[Material for the task Boundary: Start]
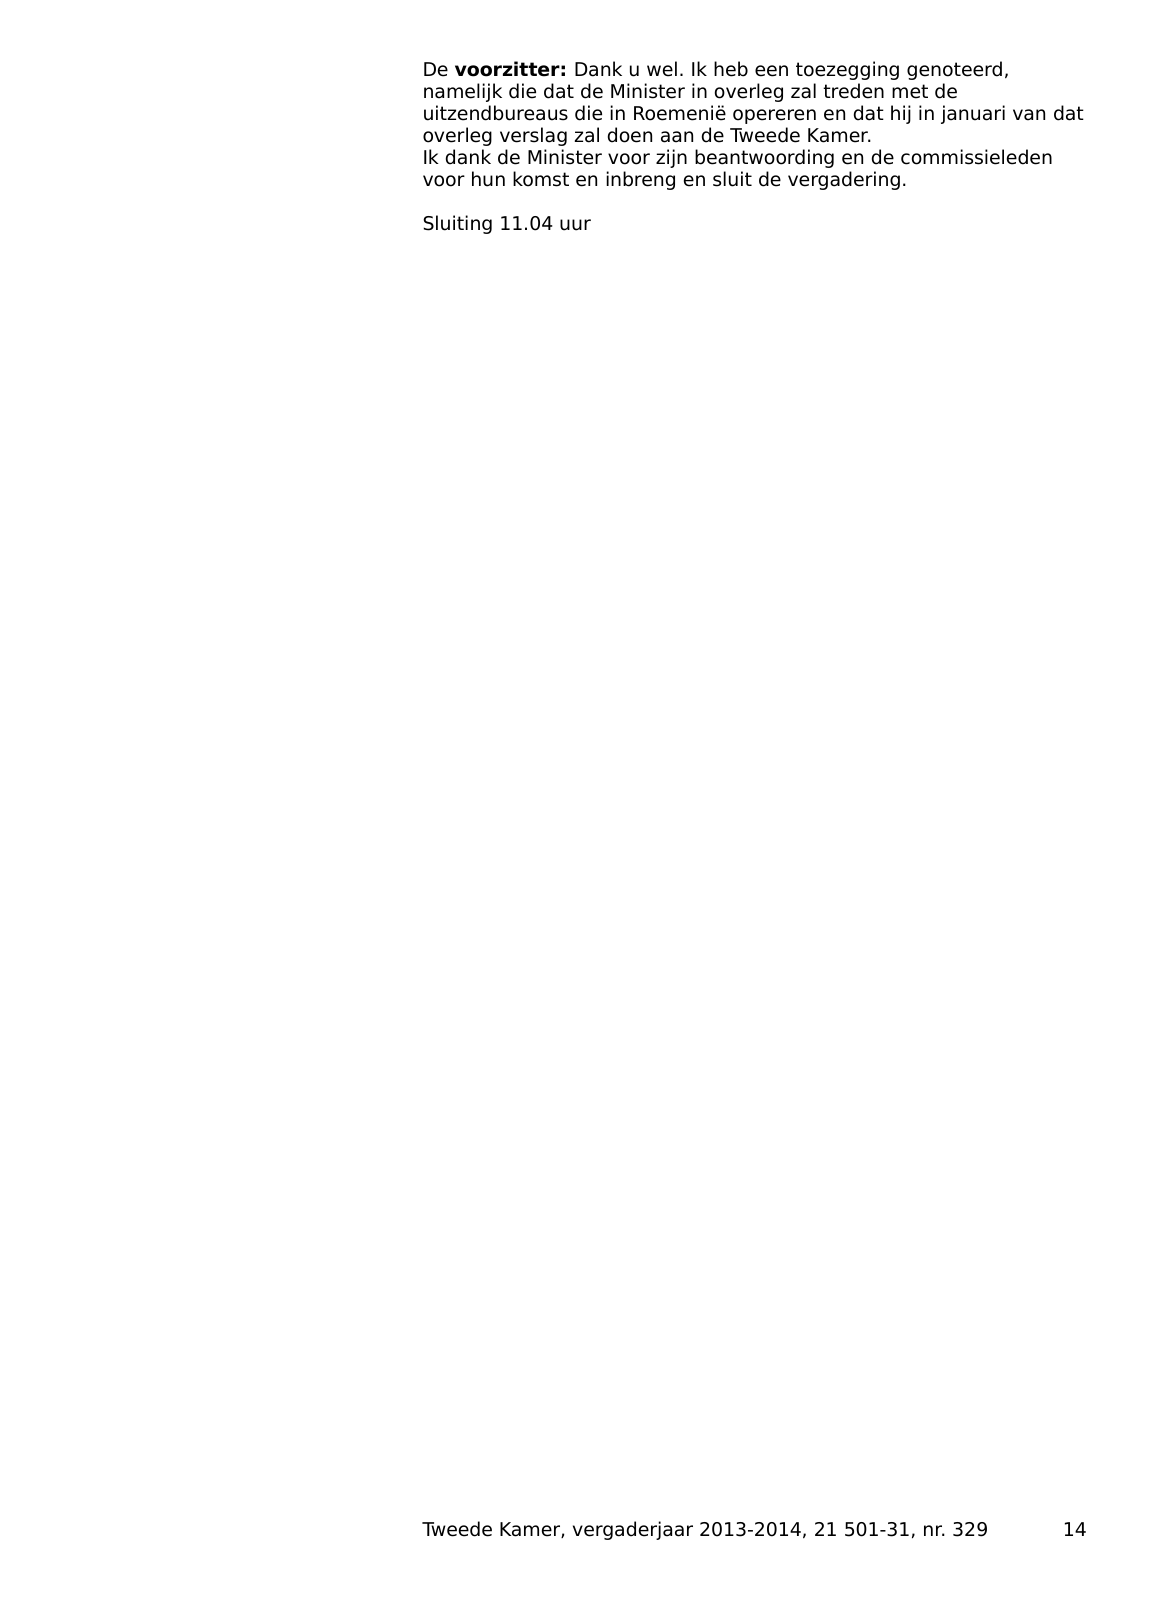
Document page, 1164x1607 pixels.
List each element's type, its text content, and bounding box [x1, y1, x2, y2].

text De voorzitter: Dank u wel. Ik heb een toezegging genoteerd, namelijk die dat de Minister in overleg zal treden met de uitzendbureaus die in Roemenië opereren en dat hij in januari van dat overleg verslag zal doen aan de Tweede Kamer. [422, 59, 1087, 147]
text Ik dank de Minister voor zijn beantwoording en de commissieleden voor hun komst en inbreng en sluit de vergadering. [422, 147, 1087, 191]
text Sluiting 11.04 uur [422, 213, 1087, 235]
[Material for the task Boundary: End]
▶ About this exercise: Copy out the listing above exactly, and keep the pictures out of it.

▶ Exercise response:
Document page, 1164x1607 pixels.
List each element's type, its text content, and bounding box [x1, y1, x2, y2].

text De voorzitter: Dank u wel. Ik heb een toezegging genoteerd, namelijk die dat de Minister in overleg zal treden met de uitzendbureaus die in Roemenië opereren en dat hij in januari van dat overleg verslag zal doen aan de Tweede Kamer. [422, 59, 1087, 147]
text Ik dank de Minister voor zijn beantwoording en de commissieleden voor hun komst en inbreng en sluit de vergadering. [422, 147, 1087, 191]
text Sluiting 11.04 uur [422, 213, 1087, 235]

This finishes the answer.